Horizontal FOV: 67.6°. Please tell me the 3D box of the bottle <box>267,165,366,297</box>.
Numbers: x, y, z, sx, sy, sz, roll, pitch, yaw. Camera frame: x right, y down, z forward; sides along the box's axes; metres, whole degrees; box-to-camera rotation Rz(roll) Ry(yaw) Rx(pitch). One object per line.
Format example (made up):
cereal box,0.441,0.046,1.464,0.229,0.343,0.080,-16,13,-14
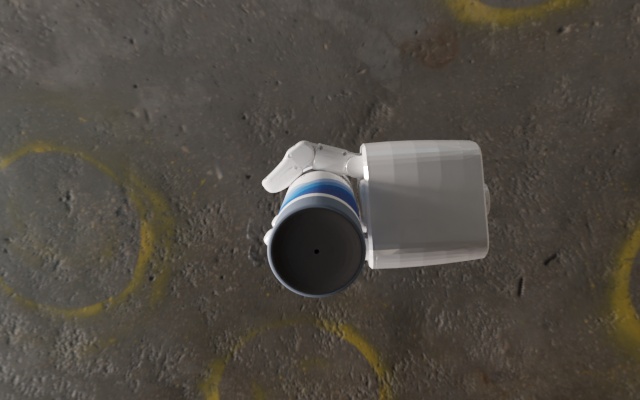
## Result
bottle,0.000,0.002,0.462,0.069,0.069,0.295,0,13,1

▶ [TASK INSTRUCTIONS]:
Each line of the listing above must be given again exactly; the pictures are to be left out.

▶ [SOLUTION]:
Horizontal FOV: 67.6°. Please tell me the 3D box of the bottle <box>267,165,366,297</box>.
Numbers: x, y, z, sx, sy, sz, roll, pitch, yaw. Camera frame: x right, y down, z forward; sides along the box's axes; metres, whole degrees; box-to-camera rotation Rz(roll) Ry(yaw) Rx(pitch). One object per line.
Format example (made up):
cereal box,0.441,0.046,1.464,0.229,0.343,0.080,-16,13,-14
## Result
bottle,0.000,0.002,0.462,0.069,0.069,0.295,0,13,1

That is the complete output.